Political Question Doctrine
In Wu Tien Li-Shou v. United States of America, 997 F.Supp.2d 307 (D. Md. 2014), the widow of Wu Lai-Yu sued the United States in admiralty for the wrongful death of her husband, the destruction of his fishing vessel Jin Chun Tsai 68, and the loss of his cargo. Yu was a hostage of Somali pirates and killed by gunfire from the US Navy vessel Groves off the coast of Somalia. The Groves was part of a NATO-led counter piracy operation. It was attempting to force the pirates to stop and surrender. After an exchange of gunfire, the pirates surrendered. When the members of the crew of the Groves boarded the Jin Chun Tsai 68, they found Yu dead from a gunshot wound.
Yu’s widow alleged the Groves violated various naval directives resulting in Yu’s death. While acknowledging Yu’s widow presented “a very sympathetic case”, the court dismissed it because of a lack of subject matter jurisdiction. That is, the case was not justiciable as an admiralty case because the conduct of a belligerent operation was allocated by the Constitution to the executive branch of the government, subject to review by the legislative branch. If the court had permitted the case to proceed, the judicial branch would be reviewing a military operation, which is not provided for by the Constitution.
Foreign Arbitration Clause
Under federal statutory law, a bill of lading reflecting a contract of carriage of goods by vessel to or from the United States in foreign trade is to be governed by the United States Carriage of Goods by Sea Act, otherwise known as COGSA. COGSA imposes certain duties on carriers and does not allow them to lessen or avoid those duties by bill of lading provisions. American courts routinely close their doors to litigants in a cargo damage case subject to COGSA if the bill of lading contains a clause requiring proceedings in another country.

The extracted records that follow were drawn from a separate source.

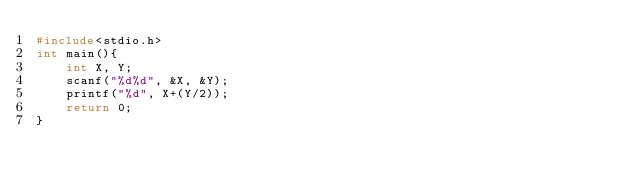<code> <loc_0><loc_0><loc_500><loc_500><_C_>#include<stdio.h>
int main(){
	int X, Y;
	scanf("%d%d", &X, &Y);
	printf("%d", X+(Y/2));
	return 0;
}</code> 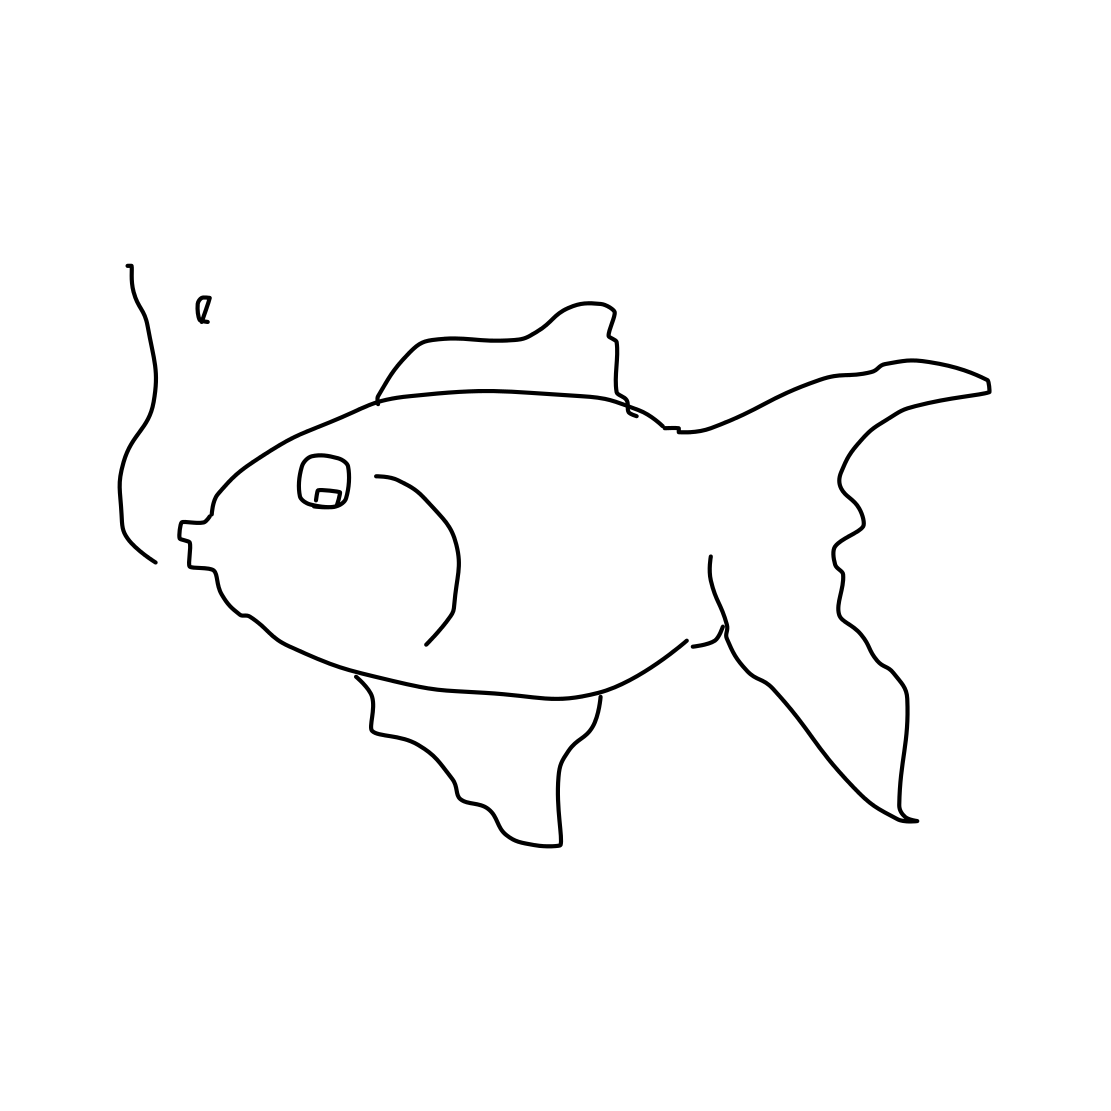Is there a sketchy wheel in the picture? After reviewing the image, it's clear that there is no wheel present. Instead, what we see is a simple line drawing of a fish that appears to be fashioned out of disconnected, sketch-like contours. Its charm lies in its minimalistic approach, capturing the essence of the fish with just a few lines. 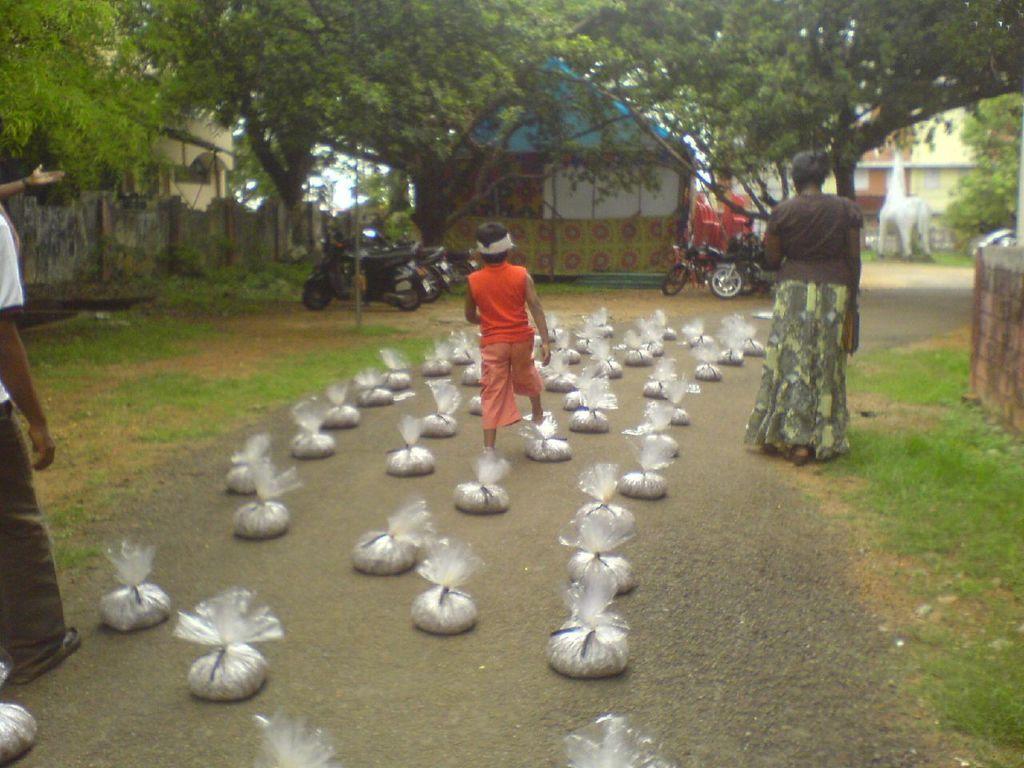Can you describe this image briefly? In this picture I can see people standing on the road and some white color objects on the road. In the background I can see vehicles, house, buildings, trees and grass. On the left side I can see wall. 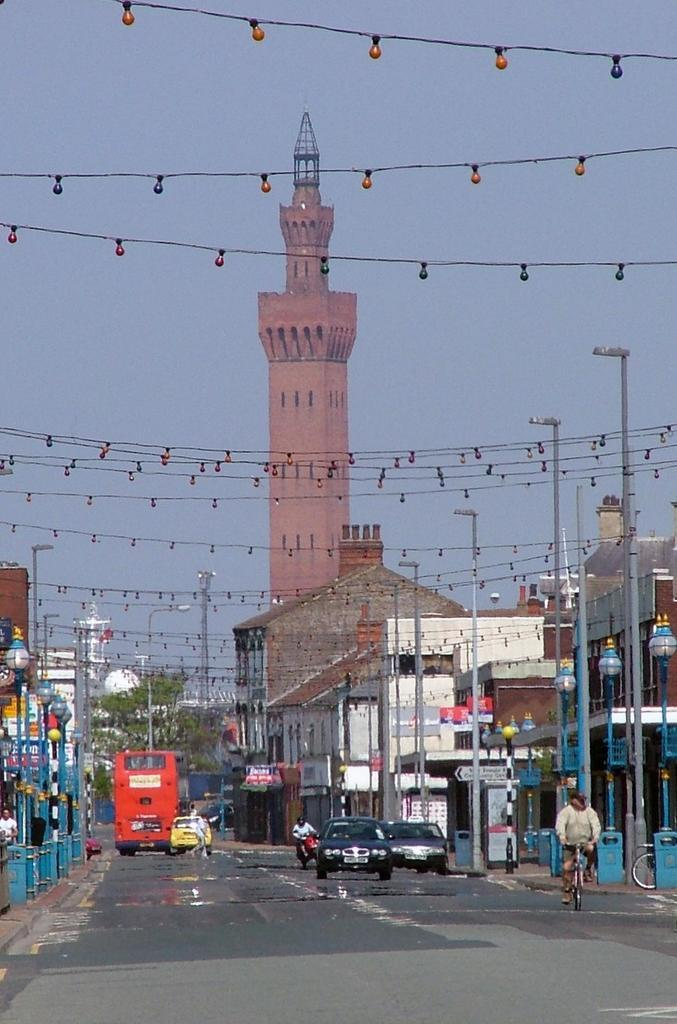What is happening on the road in the image? There are vehicles on the road in the image. What can be seen on both sides of the road? Poles and buildings are visible on both sides of the road. What is visible at the top of the image? The sky is visible at the top of the image, and lights are also present. What is the name of the insect that can be seen flying near the lights in the image? There are no insects present in the image, so it is not possible to determine the name of any insect. 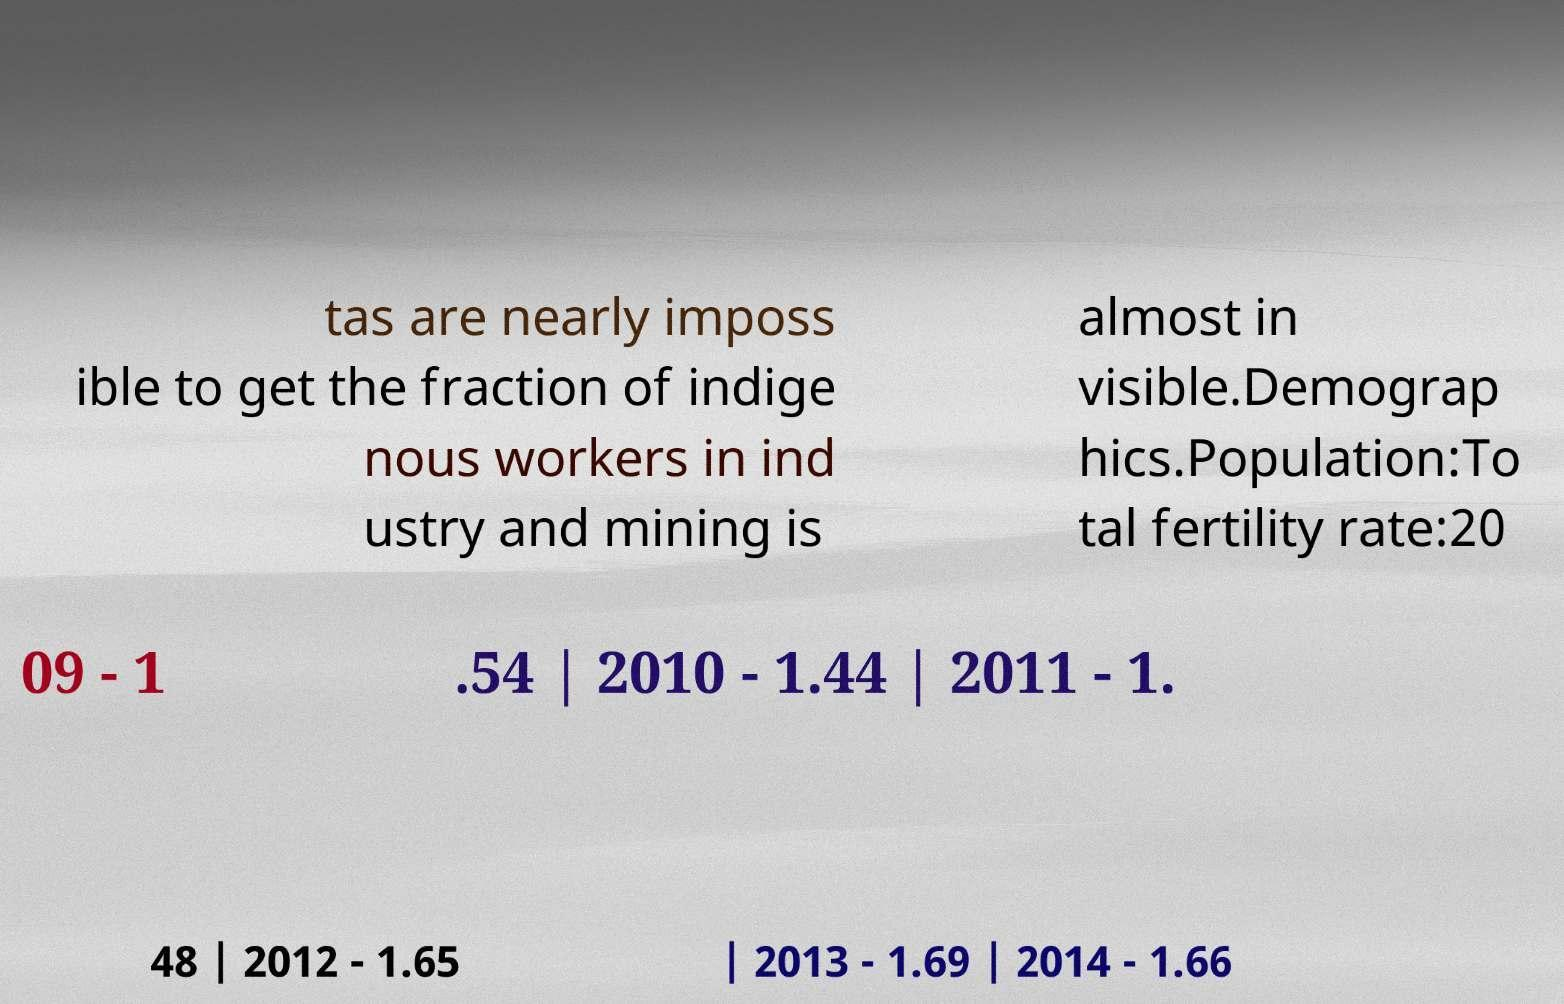Please identify and transcribe the text found in this image. tas are nearly imposs ible to get the fraction of indige nous workers in ind ustry and mining is almost in visible.Demograp hics.Population:To tal fertility rate:20 09 - 1 .54 | 2010 - 1.44 | 2011 - 1. 48 | 2012 - 1.65 | 2013 - 1.69 | 2014 - 1.66 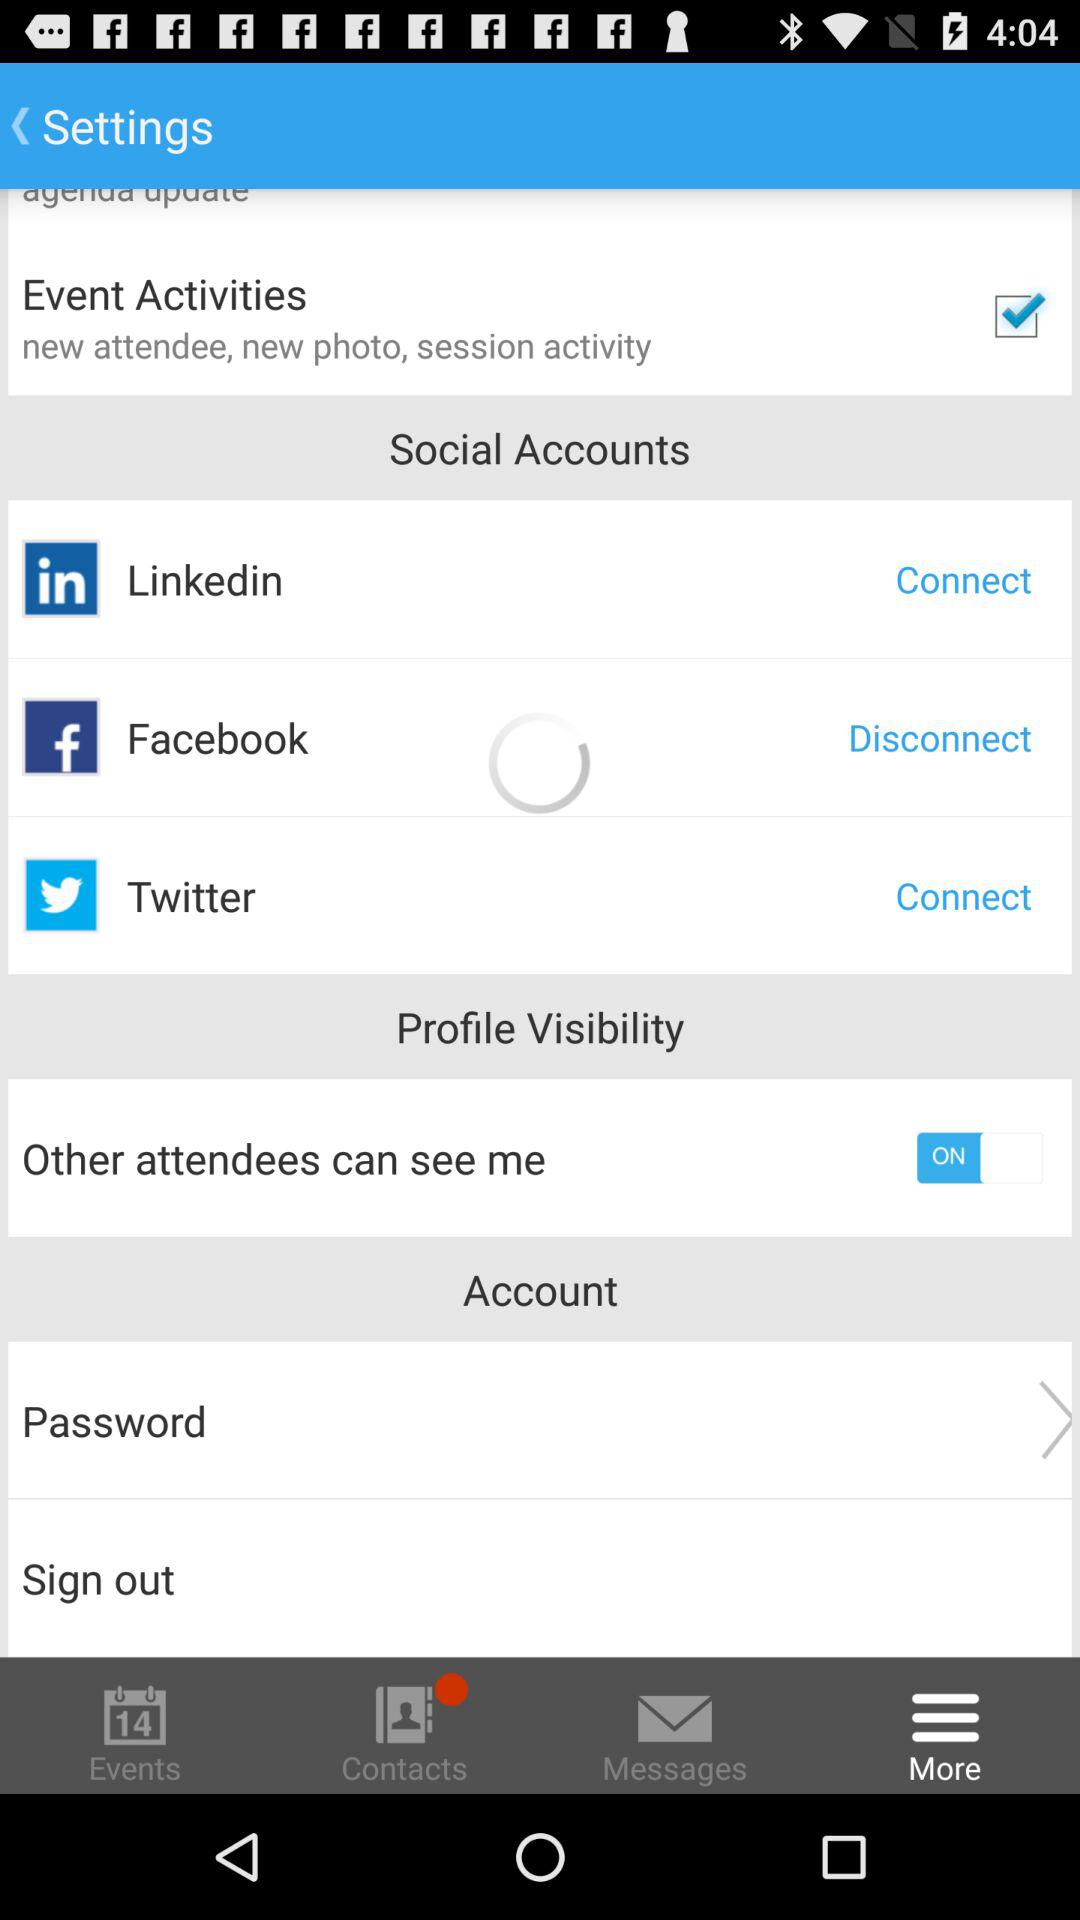Which two social accounts can be connected? The two social accounts that can be connected are "Linkedin" and "Twitter".

In Vimar Seguros Y Reaseguros v. M/V Sky Reefer 515 U.S. 528 (1995), the US Supreme Court considered a clause in a bill of lading governing the transportation of a shipment of oranges and lemons from Morocco to Boston. Vimar was the insurer of the shipment. The shipment shifted in the ship’s cargo hold during transit and suffered damage. Vimar paid the owner of the shipment for a portion of the damage, and both sued the vessel owner and the vessel in rem in federal court in Massachusetts for reimbursement.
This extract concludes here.